▶ [Activity]: Please copy exactly the lines from the first in the records through the line that contains "-336.4, 0, -336.4])", but not the pictures.

(Dataset items)
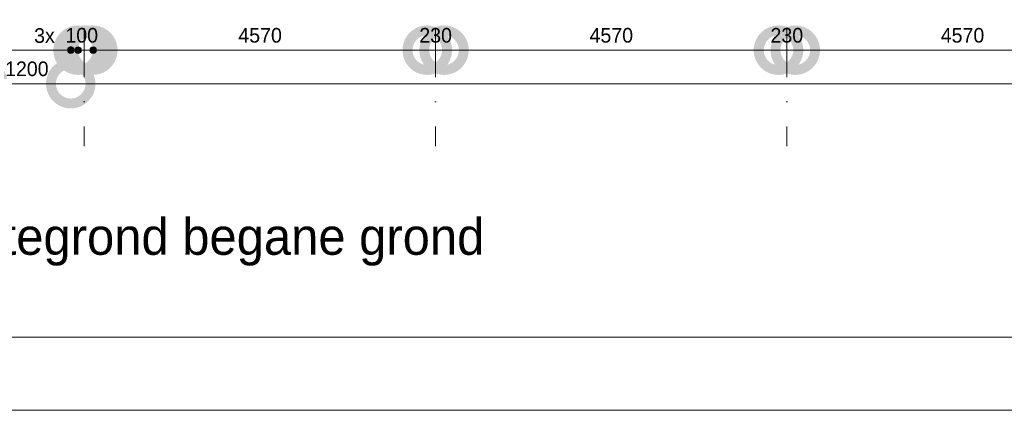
# Model space of a CAD drawing. Header units: millimetres. Extents: x -8493 to 75607, y -3060 to 56340.
# Tile 2 of 35: x -1432 to 12019, y -3060 to 2275. Entities that reach past the tile are written whole.
import ezdxf
from ezdxf.enums import TextEntityAlignment as Align

# ---------------------------------------------------------------- set-up
doc = ezdxf.new("R2010")
doc.units = ezdxf.units.MM
doc.header["$PDMODE"] = 3
doc.header["$PDSIZE"] = 1
doc.linetypes.add('DGN1', pattern=[504.6, 0, -504.6])
doc.linetypes.add('DGN4', pattern=[1345.6, 672.8, -336.4, 0, -336.4])
for name, color, linetype in [('1', 7, 'Continuous'), ('56', 7, 'Continuous'), ('58', 7, 'Continuous'), ('61', 7, 'Continuous')]:
    doc.layers.add(name, color=color, linetype=linetype)
doc.styles.add('dgn003', font='dgn003.shx')
doc.styles.add('dgn043', font='dgn043.shx')
doc.styles.get("Standard").update_dxf_attribs({"font": 'arial.ttf'})
doc.dimstyles.get("Standard").update_dxf_attribs({"dimtxt": 0.18, "dimasz": 0.18, "dimexe": 0.18, "dimexo": 0.0625, "dimgap": 0.09, "dimtad": 0, "dimtih": 1, "dimtoh": 1, "dimdec": 4, "dimzin": 0, "dimdsep": 46, "dimtxsty": 'Standard', "dimcen": 0.09, "dimadec": 0, "dimazin": 0, "dimtfac": 1, "dimtdec": 4, "dimtofl": 0, "dimtmove": 0, "dimatfit": 3, "dimfxl": 1, "dimtolj": 1, "dimtzin": 0, "dimarcsym": 0})

# ---------------------------------------------------------------- blocks, each defined once
blk = doc.blocks.new('A1')
at = {"layer": '1', "color": 1, "linetype": 'Continuous', "lineweight": 0}
blk.add_line((0, 0), (84100, 0), dxfattribs=at)
at = {"layer": '1', "color": 52, "linetype": 'Continuous', "lineweight": 0, "true_color": 0xc3c300, "flags": 128}
blk.add_lwpolyline([(1000, 1000), (83100, 1000), (83100, 58400), (1000, 58400), (1000, 1000)], dxfattribs=at)
blk = doc.blocks.new('_DotSmall')
at = {"color": 0, "linetype": 'ByBlock', "const_width": 0.5}
blk.add_lwpolyline([(-0.0625, 0, 1), (0.0625, 0, 1)], format="xyb", close=True, dxfattribs=at)
blk = doc.blocks.new('*D2908')
at = {"layer": '58', "color": 3, "linetype": 'Continuous', "lineweight": 0, "transparency": 16777216}
blk.add_line((38035, 1401), (-735, 1401), dxfattribs=at)
at = {"layer": 'Defpoints', "color": 0, "linetype": 'Continuous', "transparency": 16777216}
for p in [(-735, 2816), (38035, 2816), (-735, 1401)]:
    blk.add_point(p, dxfattribs=at)
at = {"layer": '58', "color": 3, "linetype": 'Continuous', "lineweight": 0, "transparency": 16777216, "xscale": 1080, "yscale": 1080, "zscale": 1080, "rotation": 180}
blk.add_blockref('_DotSmall', (-735, 1401), dxfattribs=at)
at = {"layer": '58', "color": 3, "linetype": 'Continuous', "lineweight": 0, "transparency": 16777216, "xscale": 1080, "yscale": 1080, "zscale": 1080}
blk.add_blockref('_DotSmall', (38035, 1401), dxfattribs=at)
at = {"layer": '58', "color": 3, "linetype": 'Continuous', "lineweight": 0, "transparency": 16777216, "insert": (18650, 1603), "char_height": 200, "attachment_point": 5, "style": 'dgn003'}
blk.add_mtext('\\A1;38770', dxfattribs=at)
blk = doc.blocks.new('*D2909')
at = {"layer": '58', "color": 3, "linetype": 'Continuous', "lineweight": 0, "transparency": 16777216}
blk.add_line((-1935, 1401), (-735, 1401), dxfattribs=at)
at = {"layer": 'Defpoints', "color": 0, "linetype": 'Continuous', "transparency": 16777216}
for p in [(-1935, 11350), (-735, 11350), (-735, 1401)]:
    blk.add_point(p, dxfattribs=at)
at = {"layer": '58', "color": 3, "linetype": 'Continuous', "lineweight": 0, "transparency": 16777216, "xscale": 1080, "yscale": 1080, "zscale": 1080, "rotation": 180}
blk.add_blockref('_DotSmall', (-1935, 1401), dxfattribs=at)
at = {"layer": '58', "color": 3, "linetype": 'Continuous', "lineweight": 0, "transparency": 16777216, "xscale": 1080, "yscale": 1080, "zscale": 1080}
blk.add_blockref('_DotSmall', (-735, 1401), dxfattribs=at)
at = {"layer": '58', "color": 3, "linetype": 'Continuous', "lineweight": 0, "transparency": 16777216, "insert": (-1335, 1603), "char_height": 200, "attachment_point": 5, "style": 'dgn003'}
blk.add_mtext('\\A1;1200', dxfattribs=at)
blk = doc.blocks.new('*D2913')
at = {"layer": '58', "color": 3, "linetype": 'Continuous', "lineweight": 0, "transparency": 16777216}
for p, q in [((-635, 1859), (-1715, 1859)), ((-635, 1859), (-535, 1859)), ((-535, 1859), (545, 1859))]:
    blk.add_line(p, q, dxfattribs=at)
at = {"layer": 'Defpoints', "color": 0, "linetype": 'Continuous', "transparency": 16777216}
for p in [(-635, 4684), (-535, 4684), (-535, 1859)]:
    blk.add_point(p, dxfattribs=at)
at = {"layer": '58', "color": 3, "linetype": 'Continuous', "lineweight": 0, "transparency": 16777216, "xscale": 1080, "yscale": 1080, "zscale": 1080}
blk.add_blockref('_DotSmall', (-635, 1859), dxfattribs=at)
at = {"layer": '58', "color": 3, "linetype": 'Continuous', "lineweight": 0, "transparency": 16777216, "xscale": 1080, "yscale": 1080, "zscale": 1080, "rotation": 180}
blk.add_blockref('_DotSmall', (-535, 1859), dxfattribs=at)
at = {"layer": '58', "color": 3, "linetype": 'Continuous', "lineweight": 0, "transparency": 16777216, "insert": (-585, 2061), "char_height": 200, "attachment_point": 5, "style": 'dgn003'}
blk.add_mtext('\\A1;100', dxfattribs=at)
blk = doc.blocks.new('*D2914')
at = {"layer": '58', "color": 3, "linetype": 'Continuous', "lineweight": 0, "transparency": 16777216}
blk.add_line((4137, 1859), (-433, 1859), dxfattribs=at)
at = {"layer": 'Defpoints', "color": 0, "linetype": 'Continuous', "transparency": 16777216}
for p in [(-433, 1859), (-433, 731), (4137, 731)]:
    blk.add_point(p, dxfattribs=at)
at = {"layer": '58', "color": 3, "linetype": 'Continuous', "lineweight": 0, "transparency": 16777216, "xscale": 1080, "yscale": 1080, "zscale": 1080, "rotation": 180}
blk.add_blockref('_DotSmall', (-433, 1859), dxfattribs=at)
at = {"layer": '58', "color": 3, "linetype": 'Continuous', "lineweight": 0, "transparency": 16777216, "xscale": 1080, "yscale": 1080, "zscale": 1080}
blk.add_blockref('_DotSmall', (4137, 1859), dxfattribs=at)
at = {"layer": '58', "color": 3, "linetype": 'Continuous', "lineweight": 0, "transparency": 16777216, "insert": (1852, 2061), "char_height": 200, "attachment_point": 5, "style": 'dgn003'}
blk.add_mtext('\\A1;4570', dxfattribs=at)
blk = doc.blocks.new('*D2915')
at = {"layer": '58', "color": 3, "linetype": 'Continuous', "lineweight": 0, "transparency": 16777216}
for p, q in [((4135, 1859), (3055, 1859)), ((4365, 1859), (4135, 1859)), ((4365, 1859), (5445, 1859))]:
    blk.add_line(p, q, dxfattribs=at)
at = {"layer": 'Defpoints', "color": 0, "linetype": 'Continuous', "transparency": 16777216}
for p in [(4135, 4984), (4365, 4984), (4135, 1859)]:
    blk.add_point(p, dxfattribs=at)
at = {"layer": '58', "color": 3, "linetype": 'Continuous', "lineweight": 0, "transparency": 16777216, "xscale": 1080, "yscale": 1080, "zscale": 1080}
blk.add_blockref('_DotSmall', (4135, 1859), dxfattribs=at)
at = {"layer": '58', "color": 3, "linetype": 'Continuous', "lineweight": 0, "transparency": 16777216, "xscale": 1080, "yscale": 1080, "zscale": 1080, "rotation": 180}
blk.add_blockref('_DotSmall', (4365, 1859), dxfattribs=at)
at = {"layer": '58', "color": 3, "linetype": 'Continuous', "lineweight": 0, "transparency": 16777216, "insert": (4250, 2061), "char_height": 200, "attachment_point": 5, "style": 'dgn003'}
blk.add_mtext('\\A1;230', dxfattribs=at)
blk = doc.blocks.new('*D2916')
at = {"layer": '58', "color": 3, "linetype": 'Continuous', "lineweight": 0, "transparency": 16777216}
blk.add_line((8935, 1859), (4365, 1859), dxfattribs=at)
at = {"layer": 'Defpoints', "color": 0, "linetype": 'Continuous', "transparency": 16777216}
for p in [(4365, 1859), (4365, 731), (8935, 731)]:
    blk.add_point(p, dxfattribs=at)
at = {"layer": '58', "color": 3, "linetype": 'Continuous', "lineweight": 0, "transparency": 16777216, "xscale": 1080, "yscale": 1080, "zscale": 1080, "rotation": 180}
blk.add_blockref('_DotSmall', (4365, 1859), dxfattribs=at)
at = {"layer": '58', "color": 3, "linetype": 'Continuous', "lineweight": 0, "transparency": 16777216, "xscale": 1080, "yscale": 1080, "zscale": 1080}
blk.add_blockref('_DotSmall', (8935, 1859), dxfattribs=at)
at = {"layer": '58', "color": 3, "linetype": 'Continuous', "lineweight": 0, "transparency": 16777216, "insert": (6650, 2061), "char_height": 200, "attachment_point": 5, "style": 'dgn003'}
blk.add_mtext('\\A1;4570', dxfattribs=at)
blk = doc.blocks.new('*D2917')
at = {"layer": '58', "color": 3, "linetype": 'Continuous', "lineweight": 0, "transparency": 16777216}
for p, q in [((8933, 1859), (7853, 1859)), ((9163, 1859), (8933, 1859)), ((9163, 1859), (10243, 1859))]:
    blk.add_line(p, q, dxfattribs=at)
at = {"layer": 'Defpoints', "color": 0, "linetype": 'Continuous', "transparency": 16777216}
for p in [(8933, 4984), (9163, 4984), (8933, 1859)]:
    blk.add_point(p, dxfattribs=at)
at = {"layer": '58', "color": 3, "linetype": 'Continuous', "lineweight": 0, "transparency": 16777216, "xscale": 1080, "yscale": 1080, "zscale": 1080}
blk.add_blockref('_DotSmall', (8933, 1859), dxfattribs=at)
at = {"layer": '58', "color": 3, "linetype": 'Continuous', "lineweight": 0, "transparency": 16777216, "xscale": 1080, "yscale": 1080, "zscale": 1080, "rotation": 180}
blk.add_blockref('_DotSmall', (9163, 1859), dxfattribs=at)
at = {"layer": '58', "color": 3, "linetype": 'Continuous', "lineweight": 0, "transparency": 16777216, "insert": (9048, 2061), "char_height": 200, "attachment_point": 5, "style": 'dgn003'}
blk.add_mtext('\\A1;230', dxfattribs=at)
blk = doc.blocks.new('*D2918')
at = {"layer": '58', "color": 3, "linetype": 'Continuous', "lineweight": 0, "transparency": 16777216}
blk.add_line((13733, 1859), (9163, 1859), dxfattribs=at)
at = {"layer": 'Defpoints', "color": 0, "linetype": 'Continuous', "transparency": 16777216}
for p in [(9163, 1859), (9163, 731), (13733, 731)]:
    blk.add_point(p, dxfattribs=at)
at = {"layer": '58', "color": 3, "linetype": 'Continuous', "lineweight": 0, "transparency": 16777216, "xscale": 1080, "yscale": 1080, "zscale": 1080, "rotation": 180}
blk.add_blockref('_DotSmall', (9163, 1859), dxfattribs=at)
at = {"layer": '58', "color": 3, "linetype": 'Continuous', "lineweight": 0, "transparency": 16777216, "xscale": 1080, "yscale": 1080, "zscale": 1080}
blk.add_blockref('_DotSmall', (13733, 1859), dxfattribs=at)
at = {"layer": '58', "color": 3, "linetype": 'Continuous', "lineweight": 0, "transparency": 16777216, "insert": (11448, 2061), "char_height": 200, "attachment_point": 5, "style": 'dgn003'}
blk.add_mtext('\\A1;4570', dxfattribs=at)

msp = doc.modelspace()

# ---------------------------------------------------------------- hatches: boundary and pattern name
at = {"layer": '58'}
h = msp.add_hatch(color=3, dxfattribs=at)
edge = h.paths.add_edge_path()
edge.add_arc((-735.24, 1858.9), 45, 0, 360)
h = msp.add_hatch(color=3, dxfattribs=at)
edge = h.paths.add_edge_path()
edge.add_arc((-635.24, 1858.9), 45, 0, 360)
h = msp.add_hatch(color=3, dxfattribs=at)
edge = h.paths.add_edge_path()
edge.add_arc((-429.62, 1858.9), 45, 0, 360)

# ---------------------------------------------------------------- linework, layer by layer
at = {"layer": '56', "color": 3, "linetype": 'DGN4', "lineweight": 0}
for p, q in [((-550.24, 55989.76), (-550.24, 547.85)), ((4249.76, 55989.76), (4249.76, 547.85)), ((9049.76, 55989.76), (9049.76, 547.85))]:
    msp.add_line(p, q, dxfattribs=at)
at = {"layer": '58', "color": 3, "linetype": 'DGN1', "lineweight": 0}
msp.add_line((-735.24, 1401.06), (-735.24, 4684.49), dxfattribs=at)
at = {"layer": '58', "color": 3, "linetype": 'Continuous', "lineweight": 0}
for p, q in [((-635.23, 1858.9), (-735.23, 1858.9)), ((-433.12, 1858.9), (-533.12, 1858.9))]:
    msp.add_line(p, q, dxfattribs=at)
for centre in [(-735.24, 1858.9), (-635.24, 1858.9), (-429.62, 1858.9)]:
    msp.add_circle(centre, 45, dxfattribs=at)

# ---------------------------------------------------------------- block references
at = {"color": 7, "linetype": 'Continuous', "lineweight": 0}
msp.add_blockref('A1', (-8492.96, -3060.21), dxfattribs=at)

# ---------------------------------------------------------------- texts
at = {"layer": '58', "color": 3, "linetype": 'Continuous', "lineweight": 0, "style": 'dgn003'}
msp.add_text('3x', height=200, dxfattribs=at).set_placement((-1235.17, 2058.89), align=Align.MIDDLE_LEFT)
at = {"layer": '61', "color": 254, "linetype": 'Continuous', "lineweight": 0, "true_color": 0xd2d2d2, "style": 'dgn043'}
msp.add_text('plattegrond begane grond', height=499.9992, dxfattribs=at).set_placement((1086.26, -686.18), align=Align.MIDDLE_CENTER)

# ---------------------------------------------------------------- dimensions: what is measured, and where the dimension line sits
at = {"layer": '58', "color": 3, "linetype": 'Continuous', "lineweight": 0}
for base, p1, p2, picture, middle in [((-735.24, 1401.06), (-1935.24, 11349.7), (-735.24, 11349.7), '*D2909', (-1335.24, 1603.17)), ((4134.76, 1858.9), (4364.76, 4984.49), (4134.76, 4984.49), '*D2915', (4249.76, 2061.08)), ((8932.64, 1858.9), (9162.64, 4984.49), (8932.64, 4984.49), '*D2917', (9047.64, 2061.08)), ((-535.24, 1858.9), (-635.24, 4684.49), (-535.24, 4684.49), '*D2913', (-585.24, 2061.01)), ((-735.24, 1401.06), (38034.76, 2816.12), (-735.24, 2816.12), '*D2908', (18649.76, 1603.24)), ((-433.12, 1858.9), (4136.88, 731.32), (-433.12, 731.32), '*D2914', (1851.88, 2061.01)), ((4364.76, 1858.9), (8934.76, 731.32), (4364.76, 731.32), '*D2916', (6649.76, 2061.01)), ((9162.64, 1858.9), (13732.64, 731.32), (9162.64, 731.32), '*D2918', (11447.64, 2061.01))]:
    dim = msp.add_linear_dim(base=base, p1=p1, p2=p2, dimstyle='Standard', override={"dimscale": 1, "dimtxt": 200, "dimasz": 1080, "dimexe": 0, "dimexo": 0, "dimgap": 100, "dimtad": 1, "dimjust": 0, "dimtih": 0, "dimtoh": 0, "dimdec": 0, "dimlfac": 1, "dimzin": 11, "dimdsep": 46, "dimlunit": 2, "dimpost": '<>', "dimtxsty": 'dgn003', "dimblk1": 'DotSmall', "dimblk2": 'DotSmall', "dimsah": 1, "dimcen": 0, "dimse1": 1, "dimse2": 1, "dimclrd": 3, "dimclre": 3, "dimclrt": 3, "dimtol": 0, "dimtix": 1, "dimtofl": 1, "dimatfit": 3, "dimfrac": 1, "dimtolj": 1, "dimlwd": 0, "dimlwe": 0}, dxfattribs=at)
    dim.commit()
    dim.dimension.update_dxf_attribs({"geometry": picture, "text_midpoint": middle})

doc.saveas('drawing.dxf')

▶ [Answer to this task]:
# Model space of a CAD drawing. Header units: millimetres. Extents: x -8493 to 75607, y -3060 to 56340.
# Tile 2 of 35: x -1432 to 12019, y -3060 to 2275. Entities that reach past the tile are written whole.
import ezdxf
from ezdxf.enums import TextEntityAlignment as Align

# ---------------------------------------------------------------- set-up
doc = ezdxf.new("R2010")
doc.units = ezdxf.units.MM
doc.header["$PDMODE"] = 3
doc.header["$PDSIZE"] = 1
doc.linetypes.add('DGN1', pattern=[504.6, 0, -504.6])
doc.linetypes.add('DGN4', pattern=[1345.6, 672.8, -336.4, 0, -336.4])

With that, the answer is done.